[Aiven Opensearch sink Connecotor] Using this connector indexing is too slow to make stream pipeline

Versions (relevant - OpenSearch/Dashboard/Server OS/Browser):

Opensearch Version3.2

Describe the issue:

I am currently working on migrating from Elasticsearch to OpenSearch. I’m using OpenSearch version 3.2 and the Aiven OpenSearch Kafka Sink Connector. In the process of completing this migration by replacing the existing ES Sink Connector with Aiven’s OpenSearch Sink Connector, I’m experiencing indexing speeds that are approximately 20 times slower than the ES Sink Connector.
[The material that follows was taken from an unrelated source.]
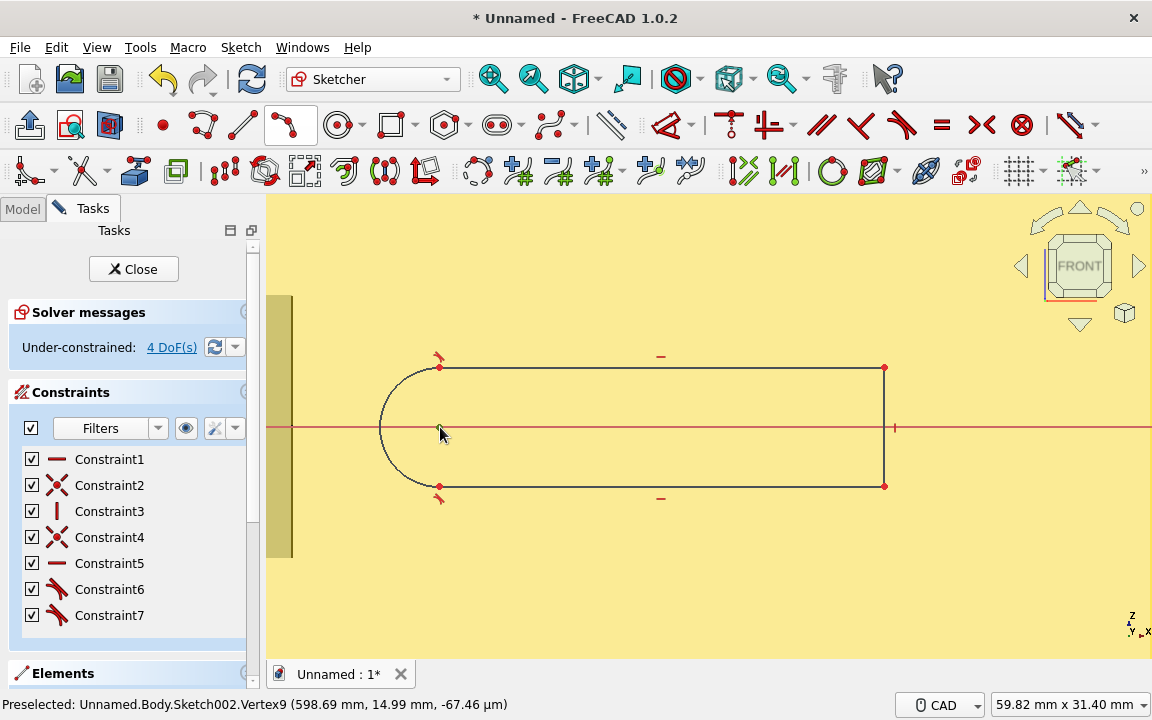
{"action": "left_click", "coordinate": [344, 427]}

I have adjusted various settings including:

  • Connector settings (bulk size, linger.ms, max.bulk.size, Kafka topic partition number, task.max, etc.)

  • OpenSearch settings (refresh interval, replica, etc.)
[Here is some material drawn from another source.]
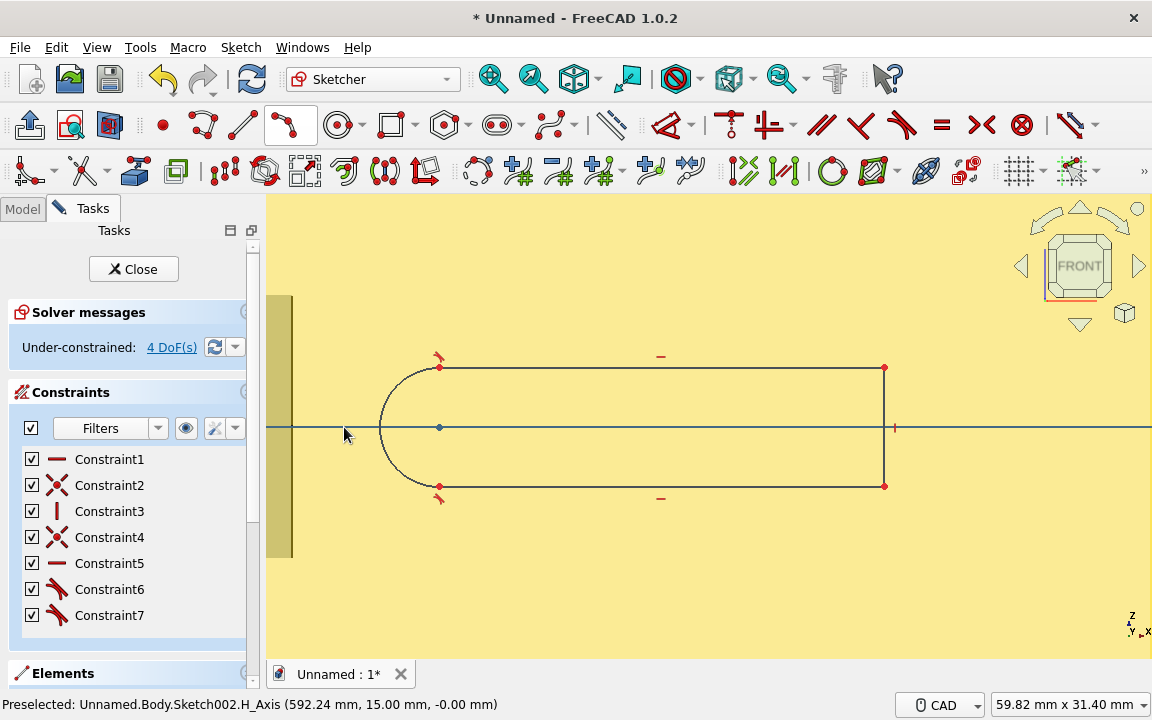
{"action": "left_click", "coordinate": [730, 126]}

Despite changing these various options, I’m still experiencing a performance degradation of approximately 15-20 times slower speeds.

The total indexing volume is 30 million records. While the existing ES Sink Connector took 5 hours and 30 minutes to process this amount, the OpenSearch Sink Connector takes 55 hours, showing a difference of more than 11 times.

My Opensearch has 3 data node data nodes has 8 core CPU and 20Gbi Memory each other.

Configuration:
“bulk.size.bytes”: “10485760”,

“batch.size”: “3000”,

“max.buffered.records”: “20000”,

“read.timeout.ms”: “5000”,

“linger.ms”: “1000”

“max.in.flight.requests”: “5”,

Relevant Logs or Screenshots:

Yes, we have exactly the same issue with that connector (we are on OS 2.19).

Looking at the source code, I suspect that the connector is just not so great at managing multithreading as the one from Confluent. The confluent connector is built on top of “org.elasticsearch.client”, but the Aiven connector has a lot of synchronized code in its implementation.